Едва рассвет набрал силу, как крестьяне, привыкшие к ранней побудке, зашевелились на своих подстилках, а я, промаявшись почти всю ночь, решил наплевать на завтрак и подремать подольше, но едва над лесом взошло солнце и осветило тот дуб-великан, что вздымал к небу свои ветви совсем недалеко от нас, как над поляной, где-то в вышине, раздался такой страшный крик, полный тоски и нечеловеческой муки, что меня с подстилки как ветром сдуло!
Подхватились и все остальные мои спутники, а Сулим с Нихимом оказались не только полностью экипированными, но и обнажили свои немаленькие ятаганы. Крестьяне тоже похватали кто чего имел и все напряженно уставились туда, откуда донесся этот крик.
«Ну вот,» — подумал я как-то отстранено, — «дождался, проявил себя мой незримый соглядатай! Поздновато только, как это он, после восхода? Или он не может уйти?» — вдруг резанула догадка, — «он где-то там, на дубе и ни напасть ни уйти просто не мог!»
— Надо посмотреть! — заявил я решительно, — нам еще ехать и ехать, а оставлять за спиной «непонятки» до следующей ночи — совсем не дело! Пока светло — тайком не нападешь, а не спать еще одну ночь..? Вдруг кто-нибудь из дежурных не выдержит и уснет..? Все за себя поручиться смогут? Эту ночь-то почти не спали…
Крестьяне смотрели на меня напряженно и поддержать никто не спешил. Что хуже — «братья-гномы» тоже не особо рвались одобрять мою идею. Говоря откровенно — я и сам не особо жаждал ее осуществлять. Здравый смысл вроде как говорил, что я полностью прав и надо бы все разъяснить, а инстинкт самосохранения вопил: «Ходу отсюда! Ходу!»

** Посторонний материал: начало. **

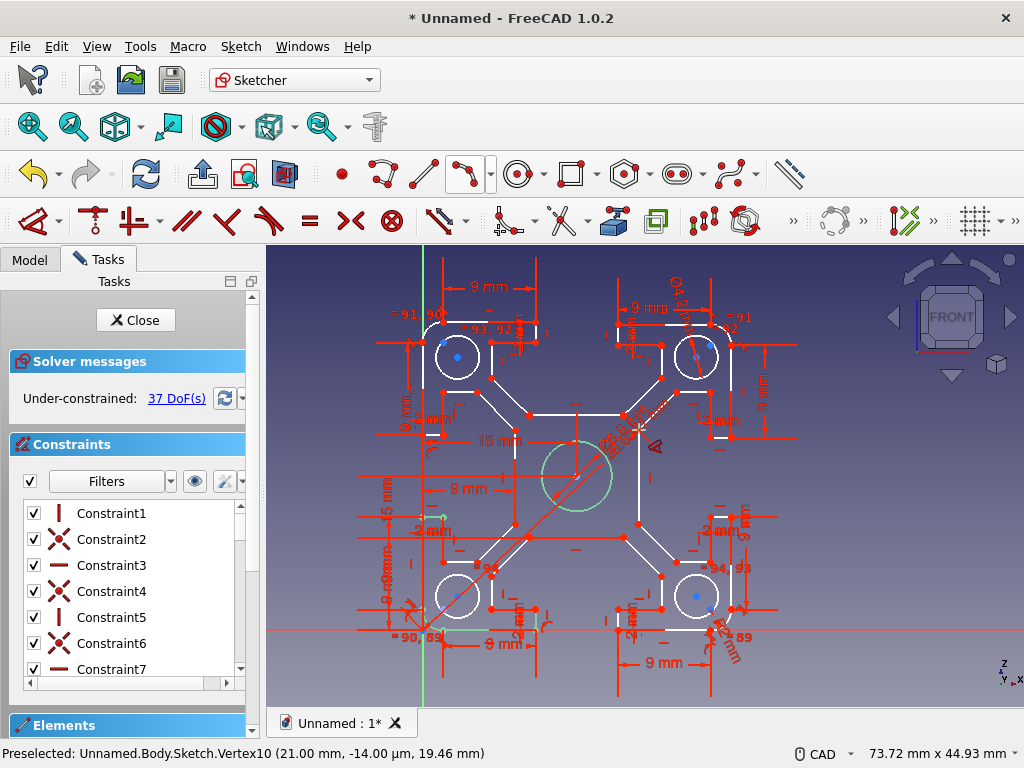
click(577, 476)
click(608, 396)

Мне стало стыдно своего страха, но кто-то нерешительный внутри меня, принялся уговаривать, что это не наше дело и тот «крикун» ведь не напал прошлой ночью, а если уехать подальше, то авось и вообще отстанет! Тем более, если я прав и он от дуба отлучится не может!

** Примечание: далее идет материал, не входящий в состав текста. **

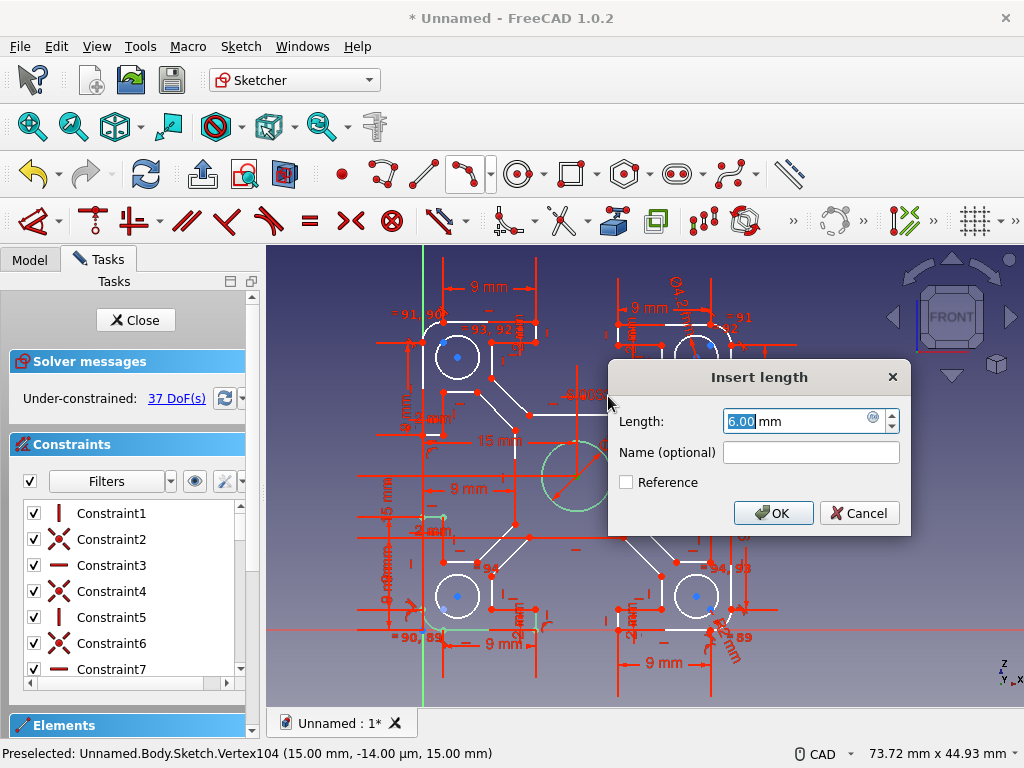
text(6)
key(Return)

Поймав себя на этой слабости я психанул: «Новый мир, новая жизнь, новая натура, говоришь? А сам, как паршивый интеллигент, опять норовишь отделаться умными словами, лишь бы оправдать свое бездействие?! Надо, наконец, из доцента в мужика превращаться!» Вынул свой палаш и попер к поляне с дубом!

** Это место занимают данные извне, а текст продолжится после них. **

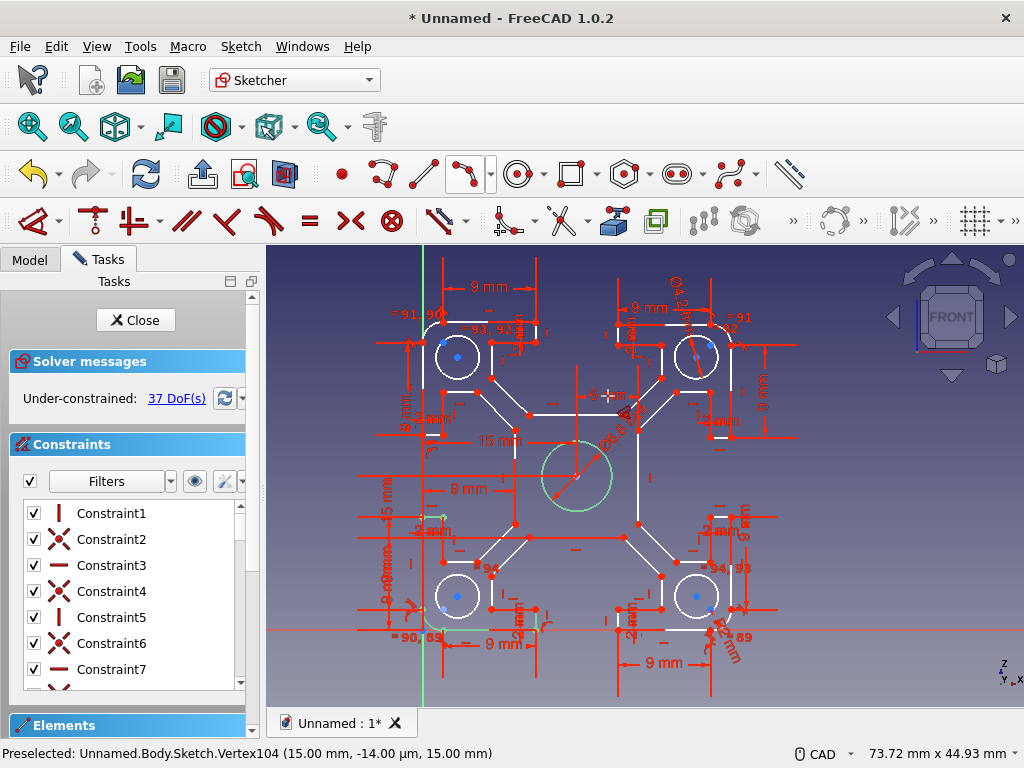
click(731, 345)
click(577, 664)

Впрочем, «одиноким героем» я оставался недолго! Отдать должное «братьям-гномам», как только я взял инициативу на себя, они почти тут же пристроились прикрывать мне спину. Вот так, углом, мы и вышли на подозрительную поляну. Впрочем, вечерняя и утренние росы очень хорошо поработали, выполнили свою миссию и всякие мелкие хищники и падальщики, подбиравшие остатки кровавого пира всю ночь. Так что теперь, вчерашнее «поле кровавой жатвы», уже никого не напугало бы своим видом.